# ziwi peak and smack



## Chihuahuasloveme (Jan 8, 2010)

I ordered 2 bags of ZIWI last week and it came in today the stores where I live will only special order it in I originally ordered the lamb and the fish&venison but when it came in I was told the fish&ven are on back order :foxes15: so I got 2 bags of the lamb. I gave it without water Baby got 1 whole scoop as she hasn't been eating and Prada and Ninja got about 10 squares I didn't count them but estimated all 3 gobbled it right up! I find it to be a bit expensive though 2 bags cost me $61 with taxes.
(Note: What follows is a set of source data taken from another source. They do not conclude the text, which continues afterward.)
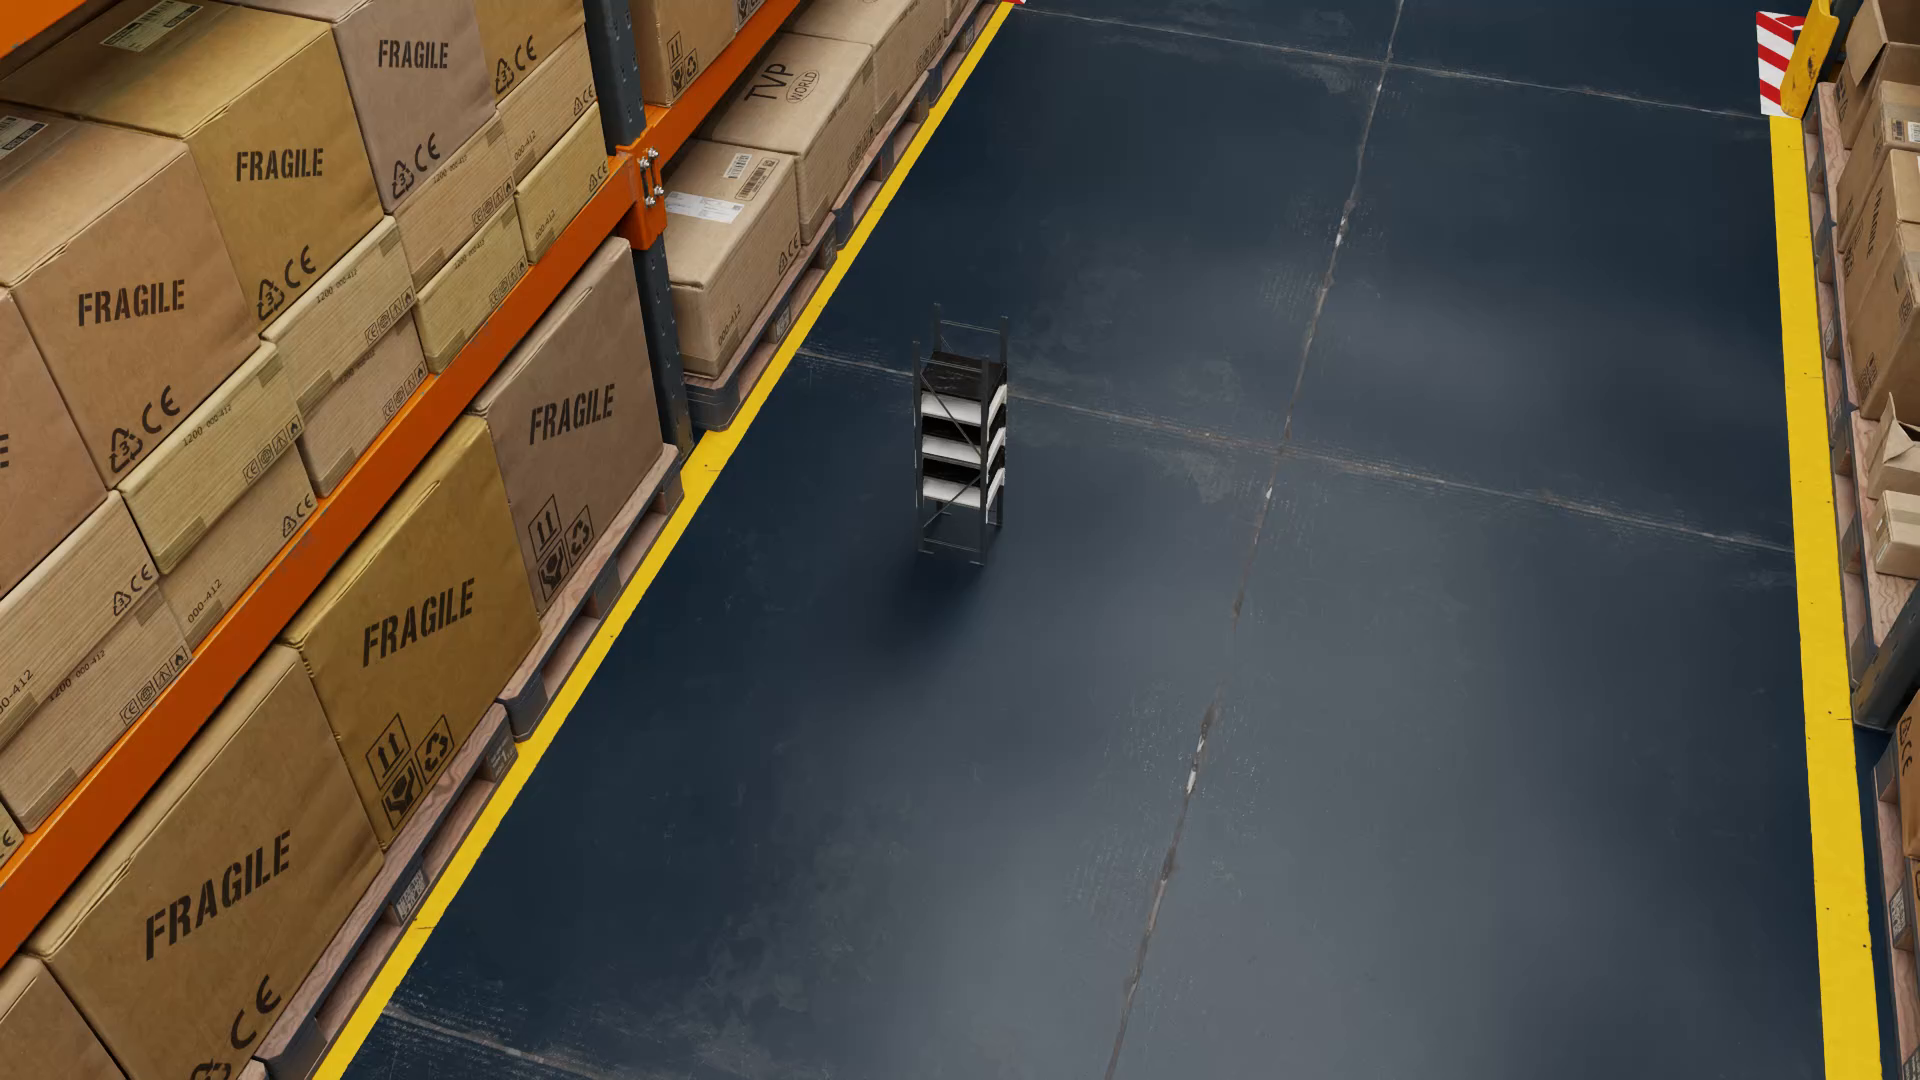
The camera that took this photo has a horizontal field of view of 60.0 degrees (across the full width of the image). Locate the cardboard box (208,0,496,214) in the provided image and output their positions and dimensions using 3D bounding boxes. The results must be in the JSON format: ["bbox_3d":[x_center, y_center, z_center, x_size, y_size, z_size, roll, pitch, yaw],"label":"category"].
[{"bbox_3d":[-1.512,-1.174,4.019,0.500,0.500,0.500,13,46,13],"label":"cardboard box"}]

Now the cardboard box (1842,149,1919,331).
[{"bbox_3d":[3.650,-1.072,6.188,0.500,0.500,0.500,13,46,13],"label":"cardboard box"}]

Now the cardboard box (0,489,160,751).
[{"bbox_3d":[-1.969,0.103,3.250,0.500,0.250,0.500,12,46,12],"label":"cardboard box"}]

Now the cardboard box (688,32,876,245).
[{"bbox_3d":[-0.904,-1.706,6.880,0.875,0.438,0.875,11,45,11],"label":"cardboard box"}]

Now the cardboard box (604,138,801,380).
[{"bbox_3d":[-1.174,-1.109,6.270,0.875,0.438,0.875,12,46,12],"label":"cardboard box"}]

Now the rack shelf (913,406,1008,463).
[{"bbox_3d":[0.002,-0.368,5.401,0.258,0.077,0.200,13,46,12],"label":"rack shelf"}]

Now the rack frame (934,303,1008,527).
[{"bbox_3d":[0.033,-0.395,5.510,0.240,0.900,0.006,13,46,12],"label":"rack frame"}]

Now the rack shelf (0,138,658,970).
[{"bbox_3d":[-2.072,0.112,4.006,1.077,0.370,4.000,13,46,13],"label":"rack shelf"}]

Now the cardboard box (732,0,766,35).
[{"bbox_3d":[-0.919,-2.106,5.686,0.500,0.500,0.500,13,46,13],"label":"cardboard box"}]

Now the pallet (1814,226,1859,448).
[{"bbox_3d":[3.842,-0.706,6.321,1.003,0.211,1.213,13,46,13],"label":"pallet"}]

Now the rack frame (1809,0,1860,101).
[{"bbox_3d":[4.477,-3.096,6.769,1.000,3.000,0.127,13,46,13],"label":"rack frame"}]

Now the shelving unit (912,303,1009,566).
[{"bbox_3d":[0.002,-0.327,5.441,0.258,0.900,0.210,13,46,12],"label":"shelving unit"}]

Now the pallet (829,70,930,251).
[{"bbox_3d":[-0.794,-1.788,7.426,1.003,0.211,1.213,13,46,12],"label":"pallet"}]

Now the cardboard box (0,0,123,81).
[{"bbox_3d":[-2.156,-0.961,3.801,0.500,0.500,0.500,11,46,12],"label":"cardboard box"}]

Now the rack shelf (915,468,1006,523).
[{"bbox_3d":[0.002,-0.175,5.590,0.258,0.077,0.200,13,46,12],"label":"rack shelf"}]

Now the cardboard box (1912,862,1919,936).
[{"bbox_3d":[2.752,0.945,4.126,0.500,0.500,0.500,12,46,12],"label":"cardboard box"}]

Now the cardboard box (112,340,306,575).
[{"bbox_3d":[-1.803,-0.232,3.592,0.500,0.250,0.500,13,46,13],"label":"cardboard box"}]

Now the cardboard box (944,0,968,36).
[{"bbox_3d":[-0.360,-2.918,8.119,0.875,0.438,0.875,11,45,11],"label":"cardboard box"}]

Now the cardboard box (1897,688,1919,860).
[{"bbox_3d":[2.904,0.588,4.491,0.500,0.500,0.500,14,46,14],"label":"cardboard box"}]

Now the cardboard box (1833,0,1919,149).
[{"bbox_3d":[4.201,-1.966,7.099,0.797,0.503,0.637,11,45,11],"label":"cardboard box"}]

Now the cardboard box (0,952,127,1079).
[{"bbox_3d":[-2.390,1.354,3.440,0.875,0.875,0.875,12,46,12],"label":"cardboard box"}]

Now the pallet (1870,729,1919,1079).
[{"bbox_3d":[3.055,1.117,4.458,1.003,0.211,1.213,13,46,13],"label":"pallet"}]

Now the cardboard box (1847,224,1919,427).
[{"bbox_3d":[3.591,-0.712,5.819,0.700,0.500,0.500,11,45,11],"label":"cardboard box"}]

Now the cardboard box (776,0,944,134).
[{"bbox_3d":[-0.629,-2.306,7.494,0.875,0.438,0.875,14,46,14],"label":"cardboard box"}]

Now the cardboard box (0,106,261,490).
[{"bbox_3d":[-1.827,-0.492,3.322,0.500,0.500,0.500,13,46,13],"label":"cardboard box"}]

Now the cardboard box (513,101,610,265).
[{"bbox_3d":[-1.362,-1.073,4.809,0.500,0.250,0.500,12,46,12],"label":"cardboard box"}]

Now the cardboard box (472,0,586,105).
[{"bbox_3d":[-1.363,-1.521,4.373,0.500,0.500,0.500,14,46,14],"label":"cardboard box"}]

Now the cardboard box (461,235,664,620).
[{"bbox_3d":[-1.578,-0.439,5.273,0.875,0.875,0.875,14,46,14],"label":"cardboard box"}]

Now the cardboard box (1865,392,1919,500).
[{"bbox_3d":[3.262,-0.274,5.540,0.396,0.266,0.258,14,46,14],"label":"cardboard box"}]

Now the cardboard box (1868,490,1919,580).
[{"bbox_3d":[3.154,0.005,5.338,0.380,0.149,0.250,11,45,11],"label":"cardboard box"}]

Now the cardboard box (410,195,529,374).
[{"bbox_3d":[-1.517,-0.733,4.462,0.500,0.250,0.500,12,46,12],"label":"cardboard box"}]

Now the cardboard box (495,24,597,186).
[{"bbox_3d":[-1.368,-1.258,4.641,0.500,0.250,0.500,12,46,12],"label":"cardboard box"}]

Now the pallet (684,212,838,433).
[{"bbox_3d":[-1.162,-0.972,6.593,1.003,0.211,1.213,13,46,13],"label":"pallet"}]

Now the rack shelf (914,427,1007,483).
[{"bbox_3d":[0.002,-0.303,5.464,0.258,0.077,0.200,13,46,12],"label":"rack shelf"}]

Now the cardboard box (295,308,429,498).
[{"bbox_3d":[-1.688,-0.401,4.122,0.500,0.250,0.500,11,46,11],"label":"cardboard box"}]

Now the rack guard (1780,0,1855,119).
[{"bbox_3d":[4.454,-2.152,7.592,1.175,0.500,0.348,13,46,13],"label":"rack guard"}]

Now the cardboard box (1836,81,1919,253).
[{"bbox_3d":[3.905,-1.404,6.527,0.700,0.500,0.500,14,46,14],"label":"cardboard box"}]

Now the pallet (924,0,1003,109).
[{"bbox_3d":[-0.423,-2.599,8.255,1.003,0.211,1.213,13,46,13],"label":"pallet"}]

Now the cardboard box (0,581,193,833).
[{"bbox_3d":[-1.987,0.274,3.433,0.500,0.250,0.500,14,46,14],"label":"cardboard box"}]

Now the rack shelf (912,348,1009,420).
[{"bbox_3d":[0.002,-0.496,5.275,0.258,0.077,0.200,13,46,12],"label":"rack shelf"}]

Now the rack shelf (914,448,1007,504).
[{"bbox_3d":[0.002,-0.239,5.527,0.258,0.077,0.200,13,46,12],"label":"rack shelf"}]

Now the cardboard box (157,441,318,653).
[{"bbox_3d":[-1.841,-0.056,3.770,0.500,0.250,0.500,13,46,13],"label":"cardboard box"}]

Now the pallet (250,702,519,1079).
[{"bbox_3d":[-1.996,0.864,4.716,1.003,0.211,1.213,13,46,13],"label":"pallet"}]

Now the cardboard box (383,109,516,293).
[{"bbox_3d":[-1.513,-0.924,4.299,0.500,0.250,0.500,14,46,13],"label":"cardboard box"}]

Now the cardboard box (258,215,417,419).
[{"bbox_3d":[-1.664,-0.577,3.945,0.500,0.250,0.500,14,46,13],"label":"cardboard box"}]

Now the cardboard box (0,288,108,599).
[{"bbox_3d":[-1.983,-0.157,2.979,0.500,0.500,0.500,14,46,14],"label":"cardboard box"}]

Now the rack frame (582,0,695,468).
[{"bbox_3d":[-1.467,-1.479,5.116,1.000,3.000,0.127,13,46,13],"label":"rack frame"}]

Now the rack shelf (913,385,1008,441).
[{"bbox_3d":[0.002,-0.432,5.338,0.258,0.077,0.200,13,46,12],"label":"rack shelf"}]

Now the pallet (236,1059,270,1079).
[{"bbox_3d":[-2.367,1.675,3.888,1.003,0.211,1.213,13,46,13],"label":"pallet"}]

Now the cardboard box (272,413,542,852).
[{"bbox_3d":[-1.844,0.165,4.656,0.875,0.875,0.875,14,46,14],"label":"cardboard box"}]

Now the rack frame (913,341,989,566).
[{"bbox_3d":[-0.028,-0.259,5.372,0.240,0.900,0.006,13,46,12],"label":"rack frame"}]

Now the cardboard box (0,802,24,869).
[{"bbox_3d":[-2.151,0.622,3.077,0.500,0.250,0.500,11,46,11],"label":"cardboard box"}]

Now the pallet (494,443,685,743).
[{"bbox_3d":[-1.628,0.048,5.550,1.003,0.211,1.213,13,46,13],"label":"pallet"}]

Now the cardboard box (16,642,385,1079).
[{"bbox_3d":[-2.115,0.760,4.047,0.875,0.875,0.875,13,46,13],"label":"cardboard box"}]

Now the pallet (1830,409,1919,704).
[{"bbox_3d":[3.474,0.109,5.487,1.003,0.211,1.213,13,46,13],"label":"pallet"}]

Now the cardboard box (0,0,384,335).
[{"bbox_3d":[-1.684,-0.841,3.678,0.500,0.500,0.500,14,46,14],"label":"cardboard box"}]

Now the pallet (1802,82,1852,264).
[{"bbox_3d":[4.213,-1.517,7.150,1.003,0.211,1.213,13,46,13],"label":"pallet"}]

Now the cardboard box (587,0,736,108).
[{"bbox_3d":[-1.075,-1.772,5.344,0.500,0.500,0.500,14,46,14],"label":"cardboard box"}]

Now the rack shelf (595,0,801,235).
[{"bbox_3d":[-0.861,-2.555,6.730,1.077,0.370,4.000,13,46,13],"label":"rack shelf"}]

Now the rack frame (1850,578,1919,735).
[{"bbox_3d":[3.265,-0.430,4.045,1.000,3.000,0.127,13,46,13],"label":"rack frame"}]

I posted a link to SMACK dehydrated raw I can order here in Canada and did order a bag but Baby doesn't like it Ninja and Prada will eat it. The lady I order from put all her stock on clearance for dirt cheap I ordered 2 more bags of smack and thinking of getting 3 more bags as they're only $18 a bag with her sale! They were $25 each before. I just have enquired about expiry dates with her as I will have a total of 6 bags of smack if I order 3 more so I don't want to end up not being able to use it all. Hoping to feed my new puppy this too once we get her in march.

I LOVE the ziwi peak just find it a bit much I guess I will have to see how long it lasts and maybe limit the ziwi to just Baby and feed the others the smack. 
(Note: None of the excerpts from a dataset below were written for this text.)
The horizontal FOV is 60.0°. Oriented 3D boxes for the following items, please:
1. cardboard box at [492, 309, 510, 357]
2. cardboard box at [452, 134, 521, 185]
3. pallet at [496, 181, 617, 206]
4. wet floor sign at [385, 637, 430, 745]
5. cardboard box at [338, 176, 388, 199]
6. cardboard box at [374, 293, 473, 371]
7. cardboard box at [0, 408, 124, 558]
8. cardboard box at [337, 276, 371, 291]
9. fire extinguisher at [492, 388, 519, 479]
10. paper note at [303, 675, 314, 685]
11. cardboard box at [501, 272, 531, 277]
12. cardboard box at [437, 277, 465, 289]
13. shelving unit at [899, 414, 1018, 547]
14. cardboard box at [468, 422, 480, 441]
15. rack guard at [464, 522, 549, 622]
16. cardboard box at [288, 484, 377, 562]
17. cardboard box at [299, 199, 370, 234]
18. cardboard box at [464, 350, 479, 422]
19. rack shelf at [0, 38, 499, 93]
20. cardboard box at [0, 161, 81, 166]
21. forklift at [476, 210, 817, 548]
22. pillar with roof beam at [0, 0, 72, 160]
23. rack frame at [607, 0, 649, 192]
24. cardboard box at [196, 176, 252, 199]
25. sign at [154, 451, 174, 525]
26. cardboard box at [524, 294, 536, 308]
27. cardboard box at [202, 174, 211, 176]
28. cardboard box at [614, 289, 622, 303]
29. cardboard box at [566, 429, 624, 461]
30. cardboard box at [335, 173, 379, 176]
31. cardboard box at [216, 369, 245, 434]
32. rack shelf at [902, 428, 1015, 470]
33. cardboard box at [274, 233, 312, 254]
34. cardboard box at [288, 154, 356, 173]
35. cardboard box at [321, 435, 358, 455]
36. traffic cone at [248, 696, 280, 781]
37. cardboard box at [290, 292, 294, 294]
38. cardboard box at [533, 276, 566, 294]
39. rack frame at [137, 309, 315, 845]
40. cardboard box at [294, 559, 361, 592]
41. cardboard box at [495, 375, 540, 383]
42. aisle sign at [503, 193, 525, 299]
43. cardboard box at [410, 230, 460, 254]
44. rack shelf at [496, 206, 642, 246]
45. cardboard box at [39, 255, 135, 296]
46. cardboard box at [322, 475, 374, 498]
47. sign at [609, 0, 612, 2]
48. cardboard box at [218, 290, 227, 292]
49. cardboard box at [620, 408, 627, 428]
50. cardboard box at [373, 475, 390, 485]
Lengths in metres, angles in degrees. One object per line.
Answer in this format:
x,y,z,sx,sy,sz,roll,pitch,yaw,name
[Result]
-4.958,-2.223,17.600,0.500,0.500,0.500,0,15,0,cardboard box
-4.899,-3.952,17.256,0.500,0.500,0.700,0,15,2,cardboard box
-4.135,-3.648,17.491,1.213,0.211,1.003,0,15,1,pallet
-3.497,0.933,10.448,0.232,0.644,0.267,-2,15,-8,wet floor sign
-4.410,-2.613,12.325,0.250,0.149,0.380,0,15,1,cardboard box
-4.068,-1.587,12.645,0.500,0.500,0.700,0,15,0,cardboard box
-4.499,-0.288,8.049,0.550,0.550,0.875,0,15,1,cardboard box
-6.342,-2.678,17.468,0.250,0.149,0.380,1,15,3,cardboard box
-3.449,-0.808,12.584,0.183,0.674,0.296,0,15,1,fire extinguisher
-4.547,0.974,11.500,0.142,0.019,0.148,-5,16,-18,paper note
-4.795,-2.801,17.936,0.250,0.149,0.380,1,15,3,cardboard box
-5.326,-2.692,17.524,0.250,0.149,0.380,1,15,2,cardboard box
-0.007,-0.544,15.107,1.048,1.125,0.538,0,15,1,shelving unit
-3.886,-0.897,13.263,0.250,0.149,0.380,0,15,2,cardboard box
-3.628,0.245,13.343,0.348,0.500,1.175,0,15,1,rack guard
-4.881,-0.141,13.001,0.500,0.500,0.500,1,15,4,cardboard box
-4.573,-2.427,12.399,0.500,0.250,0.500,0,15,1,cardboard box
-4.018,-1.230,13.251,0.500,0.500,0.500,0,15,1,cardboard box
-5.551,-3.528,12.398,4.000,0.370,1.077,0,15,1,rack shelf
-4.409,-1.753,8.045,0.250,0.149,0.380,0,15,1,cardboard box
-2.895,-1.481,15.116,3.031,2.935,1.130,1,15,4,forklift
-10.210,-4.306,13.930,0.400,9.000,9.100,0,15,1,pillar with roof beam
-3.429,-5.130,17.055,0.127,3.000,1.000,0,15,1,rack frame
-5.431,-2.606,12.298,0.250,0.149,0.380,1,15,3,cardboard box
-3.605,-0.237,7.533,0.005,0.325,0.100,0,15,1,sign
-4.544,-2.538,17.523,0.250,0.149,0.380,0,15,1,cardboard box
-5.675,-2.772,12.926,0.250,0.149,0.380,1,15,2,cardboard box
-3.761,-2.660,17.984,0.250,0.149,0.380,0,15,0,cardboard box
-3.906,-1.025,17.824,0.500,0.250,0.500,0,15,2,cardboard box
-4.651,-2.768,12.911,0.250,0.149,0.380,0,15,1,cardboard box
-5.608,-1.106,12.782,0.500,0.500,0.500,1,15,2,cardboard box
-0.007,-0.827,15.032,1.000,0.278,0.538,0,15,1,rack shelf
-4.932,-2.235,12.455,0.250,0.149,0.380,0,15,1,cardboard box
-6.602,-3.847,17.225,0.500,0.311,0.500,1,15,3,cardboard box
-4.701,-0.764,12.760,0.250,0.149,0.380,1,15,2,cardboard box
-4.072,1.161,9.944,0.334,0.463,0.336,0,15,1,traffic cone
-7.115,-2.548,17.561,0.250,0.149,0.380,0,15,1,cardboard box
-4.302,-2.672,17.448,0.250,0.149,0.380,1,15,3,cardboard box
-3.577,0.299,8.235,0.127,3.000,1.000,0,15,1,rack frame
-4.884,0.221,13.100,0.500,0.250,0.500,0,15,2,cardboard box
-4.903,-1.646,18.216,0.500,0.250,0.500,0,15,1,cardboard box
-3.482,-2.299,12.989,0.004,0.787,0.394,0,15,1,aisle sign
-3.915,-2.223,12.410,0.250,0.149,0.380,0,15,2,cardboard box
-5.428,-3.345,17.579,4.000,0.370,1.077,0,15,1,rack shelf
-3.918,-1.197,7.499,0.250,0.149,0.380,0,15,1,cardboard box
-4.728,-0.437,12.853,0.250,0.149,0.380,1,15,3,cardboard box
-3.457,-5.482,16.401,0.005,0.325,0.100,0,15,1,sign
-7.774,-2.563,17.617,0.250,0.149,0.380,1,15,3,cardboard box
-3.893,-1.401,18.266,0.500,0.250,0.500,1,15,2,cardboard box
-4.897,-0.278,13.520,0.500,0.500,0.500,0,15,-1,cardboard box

for those who missed the post here is the SMACK website. It's only available in Canada right now but I read on their facebook page that they are in the midst of getting usda approved and they do have it in vegas at one store.

smack website: Smack Pet Food - Raw, Dehydrated Food For Dogs, Natural Dog Food


Ninja is so lean lately and his hair is super silky!! he always had amazing hair but now it is literally like silk. Baby and Pradas hair has changed a lot too since switching to grain free food and treats. Prada and Ninja are both on a diet so I am hoping the raw will make them nice lean and cut.


----------



## ExoticChis (Jun 20, 2010)

that SMACK looks great, far out Ziwi is very expensive especially when you are feeding 3 like your self


----------



## Chihuahuasloveme (Jan 8, 2010)

about to be feeding 4 lol I am going to start getting my OH to pitch in for food lately I have been the only one buying it lol! then it wouldn't be so bad I wish Baby would eat the freakin smack lol maybe she will eat the salmon one when it comes in *crosses fingers


----------